Nutritional info may include extra dirt

I have to hurry up and post before I drink any more beer and I'm too drunk to type. It's been a long week and I'm looking forward to a weekend with friends. I'm foregoing a quilting class this evening to drink beer, eat pizza and play Guitar Hero with the guys. This is just fine by me and I wasn't feeling all that productive. I'm sure I can learn how to make a blanket sometime later when I'm more inspired.

Speaking of uninspired, we've been eating out a lot lately and I'm becoming increasingly grossed out by behavior I see from food service staff. The Panera Bread jockey dutifully wore his plastic gloves while preparing my bagels after wearing them while getting my change from the cash drawer. Within that same week the lady at Jason's Deli dropped a stack of disposable cups on the floor and put them back in the dispenser before I could come of the counter and stop her. I'm sure I won't get some horrible disease from either of these events, but it just means that if they don't think during those acts, they won't think when it really matters.

So in that situation, what would you have done? I didn't say anything but it annoyed me for days (obviously since I'm talking about it now).

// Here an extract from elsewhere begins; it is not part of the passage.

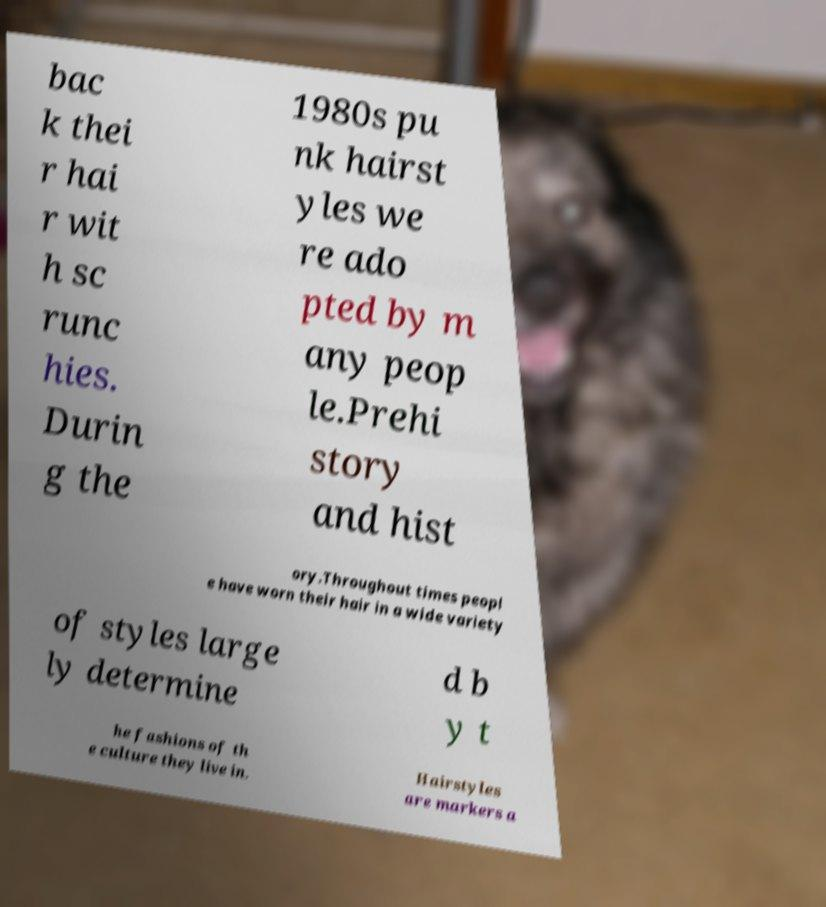I need the written content from this picture converted into text. Can you do that? bac k thei r hai r wit h sc runc hies. Durin g the 1980s pu nk hairst yles we re ado pted by m any peop le.Prehi story and hist ory.Throughout times peopl e have worn their hair in a wide variety of styles large ly determine d b y t he fashions of th e culture they live in. Hairstyles are markers a

And because I didn't say anything I feel like I've contributed to the problem by not correcting them. Then again, it's like screaming at the dog for getting in the trash where it's more for your own benefit than the dog's.

So how do you handle strangers doing dumb ass things like that in a restaurant?

what runs in a family

My father sent me an email at 8:40pm saying his computer was "all messed up" and I was able to be there by 9pm to fix it. It also means, of course, that it's almost midnight and I'm just now getting home. The fix wasn't that time-consuming but all the chit-chatting around it was. When I was at my parents' Tuesday night I had passed a set of children's folding chairs and table on the trash. I immediately thought I should stop to pick them up but was in a hurry to get to my parents'. After spending an hour or two with them, I mentioned to my father that I had to get going soon to be sure to get this miniature dining set to save it from the landfill. It's not that I have any miniature people in my house that could use it other than the occasional visiting kid and we don't even really have a lot of space to store it, but I couldn't bear to think that something so perfectly useful would be thrown away and wasted. It just seemed selfish on the part of the world and it was my job to worry about these things.

I've been worrying about all the waste we've produced in our big office move. Sure, we haven't moved in over five years and we've amassed a bunch of junk to remove at one time. But I just don't know who to call about a woefully out-dated server with a bad power supply and everyone we did call had no idea how to help us. So it went to the landfill and I fretted about it.

When I left my parents' house very late that evening on "trash night" I drove slowly down our side street looking for the dining set but it had already been picked up. I took solace that there are extended members of our "family" that will save things from the landfill.

40 years ago today

On Halloween night in 1967, my parents got engaged. Daddy had just gotten his papers to send him to Vietnam after having been inducted that previous February. He called Mom from a pay phone on Fort Sill in Oklahoma to tell her. Mom: "Well, what do you want to do?"

Dad: "I think I want to get married."

They were married the Friday after Thanksgiving less than a month later. Whenever I worried that maybe Rich and I hadn't planned ahead far enough for our own wedding, I always reminded myself that Mom planned their wedding in under a month and even made her own dress. She's always worked well under pressure.

I called Mom yesterday on my way home from dinner and she sounded upset. The water heater had burst in their house for the third time since she's owned the house and it's directly over their dining room which serves as their office. It ruined her expensive speaker phone, may have ruined the computer and soaked tons of important papers - and we were lucky we found it only an hour or so after it happened.

She started to get choked up when she said she thought all her pictures of our wedding were ruined. Thankfully, her quick thinking saved most of them and the others are easy to re-print from digital images. It was odd timing that 40 years after their nuptials she was concerned about losing her photos of our wedding. Maybe I can convince them to get a family portrait of all of us this holiday season before time gets away from us.